² Heading off complaints — yes, that piece in The Nib was published anonymously. Three years later, Khor claimed it.

We All Win

The Ignatz Awards are maybe the most democratic of all the major comics awards — if you attend SPX, you get a ballot. At least, if you attend on Saturday, because they tally the votes through the day and the bricks are given out Saturday night, but you get the idea. They also, traditionally, have a very good jury, who provide a very good slate of nominees. This year’s nominees have just been announced, and it’s a cornucopia of quality.

As readers of this page know, I am a major fan and promoter of the work of Rosemary Valero-O’Connell, and her work on Laura Dean Keeps Breaking Up With Me could have come from a 20 year veteran of comics, rather than somebody working on their first book who’s still in the first half of their 20s. It’s no surprise that Valero-O’Connell was nominated for Outstanding Artist, Oustanding Graphic Novel, and Oustanding Story, the later two categories being co-nominations with writer Mariko Tamaki. I’m thrilled everytime I am reminded that so many people loved this book as much as I did.

The other multiple nominee that caught my eye, and of which I am a tremendous fan, is The Nib; Matt Bors’s marvelously eclectic endeavour has a history with SPX, debuting their hardcover collection there a few years back. The Nib was nominated as Oustanding Series (for the print magazine), and two issues (Family, and Death) were separately nominated for Oustanding Anthology. Well done Bors, and the entire group of editors and contributors.

But those are not the only deserving nominees; let’s take a look at who we at Fleen will be rooting for.
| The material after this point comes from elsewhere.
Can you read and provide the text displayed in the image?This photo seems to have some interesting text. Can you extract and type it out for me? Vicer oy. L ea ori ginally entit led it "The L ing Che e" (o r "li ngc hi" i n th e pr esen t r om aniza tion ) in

  • Outstanding Artist: In addition to Valero-O’Connell, you’ve got Lucy Knisely for Kid Gloves, which I also loved. I’m not familiar with Koren Shadmi on Highwayman, Sloane Leong’s Prism Stalker, or Ezra Clayton Daniels on Upgrade Soul.
  • Outstanding Collection: Love Letters To Jane’s World by Paige Braddock, Girl Town by Carolyn Nowak, Dirty Plotte by Julie Doucet, Leaving Richard’s Valley by Michael DeForge, and This Woman’s Work by Julie Delporte. I have no clear preference, but all these creators are skilled and worthy of the win.
  • Outstanding Anthology: In addition to the two issues of The Nib, you have Electrum (edited by Der-shing Helmer), Wayward Sisters (edited by Alison O’Toole), and We’re Still Here: An All-Trans Comics Anthology (edited by Tara Avery and Jeanne Thornton). My preference is for The Nib, only because they do so many different kinds of comics in each issue. I suspect they’ll split the vote, though.
  • Outstanding Graphic Novel: In addition to Laura Dean, you’ve got Upgrade Soul by Ezra Clayton Daniels, Woman World by Aminder Dhaliwal, Highwayman by Koren Shadmi, and Gender Queer by Maia Kobabe. I believe I made my preference clear, but Kobabe’s been doing some damn good comics, including Gender Queer.
  • Outstanding Minicomic: Trans Girls Hit The Town by Emma Jayne, Gonzalo by Jed McGowan, Silver Wire by Kriota Willberg, Cherry by Inés Estrada, and YLLW YLLW YLLW by Mar Julia. Not familiar with any of the books or creators. If I get the chance to vote, I might throw it to a dude because so maybe at least one dude wins. ‘Cause damn, women having been outshining the dudes at the Ignatzen for a couple years now.
  • Outstanding Comic: Lorna by Benji Nate, Infinite Wheat Paste #7 by Pidge, The Saga Of Metalbeard by Joshua Paddon and Matthew Hoddy, Egg Cream by Liz Suburbia, and Check, Please!: #Hockey by Ngozi Ukazu. I do love me some comics about gay collegiate hockey bros, but I’m surprised to see the nomination in print but not for …
  • Outstanding Online Comic: Isle Of Elsi by Alec Longstreth, That’s Not My Name! by Hannako Lambert, What Doctors Know About CPR by Nathan Gray, About Face by Nate Powell, and Full Court Crush by Hannah Blumenreich.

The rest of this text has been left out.